▶ _Exercise description_
Whichever lines of the entries hold the word "below" should be identified and copied.
(Beginning of Source information)
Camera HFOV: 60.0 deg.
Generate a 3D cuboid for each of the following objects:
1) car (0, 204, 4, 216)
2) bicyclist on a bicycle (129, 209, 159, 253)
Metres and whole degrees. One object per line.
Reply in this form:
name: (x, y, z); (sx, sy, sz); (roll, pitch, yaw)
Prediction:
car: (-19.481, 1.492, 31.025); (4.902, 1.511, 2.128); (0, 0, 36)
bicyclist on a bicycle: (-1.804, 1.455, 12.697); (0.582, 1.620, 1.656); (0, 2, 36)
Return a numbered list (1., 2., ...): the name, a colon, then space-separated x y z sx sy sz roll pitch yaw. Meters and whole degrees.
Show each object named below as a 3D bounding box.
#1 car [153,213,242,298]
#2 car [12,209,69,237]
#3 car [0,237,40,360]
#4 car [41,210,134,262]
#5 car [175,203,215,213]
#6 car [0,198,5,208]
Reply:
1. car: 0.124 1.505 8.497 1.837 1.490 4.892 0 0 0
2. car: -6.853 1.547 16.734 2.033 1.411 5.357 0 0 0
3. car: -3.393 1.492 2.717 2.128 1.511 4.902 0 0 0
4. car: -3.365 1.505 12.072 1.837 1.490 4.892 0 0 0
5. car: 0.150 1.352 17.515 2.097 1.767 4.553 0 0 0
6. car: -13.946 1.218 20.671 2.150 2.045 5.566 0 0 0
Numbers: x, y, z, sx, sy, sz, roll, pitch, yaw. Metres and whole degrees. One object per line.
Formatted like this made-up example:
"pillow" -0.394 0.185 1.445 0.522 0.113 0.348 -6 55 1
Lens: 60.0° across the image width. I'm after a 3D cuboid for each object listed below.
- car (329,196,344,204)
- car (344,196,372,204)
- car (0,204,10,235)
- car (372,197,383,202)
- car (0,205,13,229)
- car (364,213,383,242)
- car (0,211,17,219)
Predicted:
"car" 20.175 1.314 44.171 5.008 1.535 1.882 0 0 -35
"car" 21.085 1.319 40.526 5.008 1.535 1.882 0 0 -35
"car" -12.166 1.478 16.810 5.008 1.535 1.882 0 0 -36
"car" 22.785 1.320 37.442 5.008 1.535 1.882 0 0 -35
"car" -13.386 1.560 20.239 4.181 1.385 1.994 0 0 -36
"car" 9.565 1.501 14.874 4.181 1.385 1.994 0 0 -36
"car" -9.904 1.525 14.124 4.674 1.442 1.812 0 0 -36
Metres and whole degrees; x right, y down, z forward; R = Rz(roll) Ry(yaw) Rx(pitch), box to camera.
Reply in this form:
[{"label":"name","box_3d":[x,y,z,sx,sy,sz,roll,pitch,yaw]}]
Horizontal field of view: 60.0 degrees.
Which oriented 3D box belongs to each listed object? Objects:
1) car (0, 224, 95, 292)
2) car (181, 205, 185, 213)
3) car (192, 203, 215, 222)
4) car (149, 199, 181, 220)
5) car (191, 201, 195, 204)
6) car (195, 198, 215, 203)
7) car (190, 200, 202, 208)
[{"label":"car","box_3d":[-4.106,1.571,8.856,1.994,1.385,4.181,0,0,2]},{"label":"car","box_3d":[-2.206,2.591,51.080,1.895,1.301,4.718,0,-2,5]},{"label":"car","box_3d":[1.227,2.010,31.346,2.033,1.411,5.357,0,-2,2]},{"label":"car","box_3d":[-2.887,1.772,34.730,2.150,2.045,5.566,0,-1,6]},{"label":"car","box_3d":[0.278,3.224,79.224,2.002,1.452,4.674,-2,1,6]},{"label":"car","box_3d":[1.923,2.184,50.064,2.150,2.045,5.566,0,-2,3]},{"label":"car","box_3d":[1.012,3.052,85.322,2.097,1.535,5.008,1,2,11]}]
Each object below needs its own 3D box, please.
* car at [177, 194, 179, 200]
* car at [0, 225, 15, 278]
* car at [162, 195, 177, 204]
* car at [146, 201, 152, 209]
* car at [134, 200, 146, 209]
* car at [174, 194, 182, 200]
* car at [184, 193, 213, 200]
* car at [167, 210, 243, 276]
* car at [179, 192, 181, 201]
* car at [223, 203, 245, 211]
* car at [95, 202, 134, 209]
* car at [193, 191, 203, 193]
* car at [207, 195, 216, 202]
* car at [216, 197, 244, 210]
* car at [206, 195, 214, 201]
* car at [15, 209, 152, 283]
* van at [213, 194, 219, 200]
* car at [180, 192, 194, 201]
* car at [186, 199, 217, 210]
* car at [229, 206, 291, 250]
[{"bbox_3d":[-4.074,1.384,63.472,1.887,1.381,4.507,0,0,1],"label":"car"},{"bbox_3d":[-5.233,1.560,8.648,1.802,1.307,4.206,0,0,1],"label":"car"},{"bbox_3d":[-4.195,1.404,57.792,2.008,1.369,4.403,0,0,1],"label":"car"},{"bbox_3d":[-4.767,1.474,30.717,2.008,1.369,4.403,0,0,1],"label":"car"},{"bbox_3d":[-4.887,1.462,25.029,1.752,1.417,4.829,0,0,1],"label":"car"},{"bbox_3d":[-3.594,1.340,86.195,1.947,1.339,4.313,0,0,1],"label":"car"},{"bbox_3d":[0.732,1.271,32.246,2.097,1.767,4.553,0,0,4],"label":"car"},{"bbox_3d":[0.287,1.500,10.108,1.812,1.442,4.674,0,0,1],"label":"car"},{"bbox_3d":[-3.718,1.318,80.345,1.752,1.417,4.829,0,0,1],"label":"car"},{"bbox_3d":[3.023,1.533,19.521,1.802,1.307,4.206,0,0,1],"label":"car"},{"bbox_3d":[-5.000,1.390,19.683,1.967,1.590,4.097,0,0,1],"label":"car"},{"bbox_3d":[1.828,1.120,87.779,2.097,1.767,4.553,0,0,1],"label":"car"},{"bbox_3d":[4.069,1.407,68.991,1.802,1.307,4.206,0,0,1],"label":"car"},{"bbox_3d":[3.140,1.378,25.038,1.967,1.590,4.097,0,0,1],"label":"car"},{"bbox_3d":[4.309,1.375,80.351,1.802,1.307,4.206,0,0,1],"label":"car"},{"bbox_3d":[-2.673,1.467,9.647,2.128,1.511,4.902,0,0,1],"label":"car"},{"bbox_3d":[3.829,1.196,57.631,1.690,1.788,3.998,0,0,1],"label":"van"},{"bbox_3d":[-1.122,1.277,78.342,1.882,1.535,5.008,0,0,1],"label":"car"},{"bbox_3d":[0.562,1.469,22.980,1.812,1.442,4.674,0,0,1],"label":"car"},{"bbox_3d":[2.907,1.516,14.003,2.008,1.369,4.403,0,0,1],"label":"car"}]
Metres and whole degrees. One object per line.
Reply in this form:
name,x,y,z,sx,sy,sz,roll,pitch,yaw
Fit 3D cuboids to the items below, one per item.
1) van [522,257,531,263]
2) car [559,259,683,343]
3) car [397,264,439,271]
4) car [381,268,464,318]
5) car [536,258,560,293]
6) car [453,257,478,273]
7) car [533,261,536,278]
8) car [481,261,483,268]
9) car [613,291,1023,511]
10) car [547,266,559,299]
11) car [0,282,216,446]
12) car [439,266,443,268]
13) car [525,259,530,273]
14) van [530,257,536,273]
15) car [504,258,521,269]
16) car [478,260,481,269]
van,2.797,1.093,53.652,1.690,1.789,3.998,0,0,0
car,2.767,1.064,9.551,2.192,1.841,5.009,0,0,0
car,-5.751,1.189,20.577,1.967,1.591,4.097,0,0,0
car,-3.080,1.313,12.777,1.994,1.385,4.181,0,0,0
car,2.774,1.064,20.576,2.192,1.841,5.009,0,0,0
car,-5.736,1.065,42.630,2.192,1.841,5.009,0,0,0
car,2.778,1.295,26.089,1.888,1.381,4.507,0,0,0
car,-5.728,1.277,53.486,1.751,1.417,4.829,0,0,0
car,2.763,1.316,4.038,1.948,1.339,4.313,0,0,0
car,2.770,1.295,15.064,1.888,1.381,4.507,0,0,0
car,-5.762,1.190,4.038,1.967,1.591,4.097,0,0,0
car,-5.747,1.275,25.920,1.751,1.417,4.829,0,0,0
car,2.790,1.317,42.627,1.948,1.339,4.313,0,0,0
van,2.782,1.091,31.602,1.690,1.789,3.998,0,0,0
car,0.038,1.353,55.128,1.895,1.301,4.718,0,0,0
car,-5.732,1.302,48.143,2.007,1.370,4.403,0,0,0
(End of Source information)
▶ _Completed task_
Show each object named below as a 3D bounding box.
Lens: 60.0° across the image width. I'm after a 3D cuboid for each object listed below.
Each object below needs its own 3D box, please.
Fit 3D cuboids to the items below, one per item.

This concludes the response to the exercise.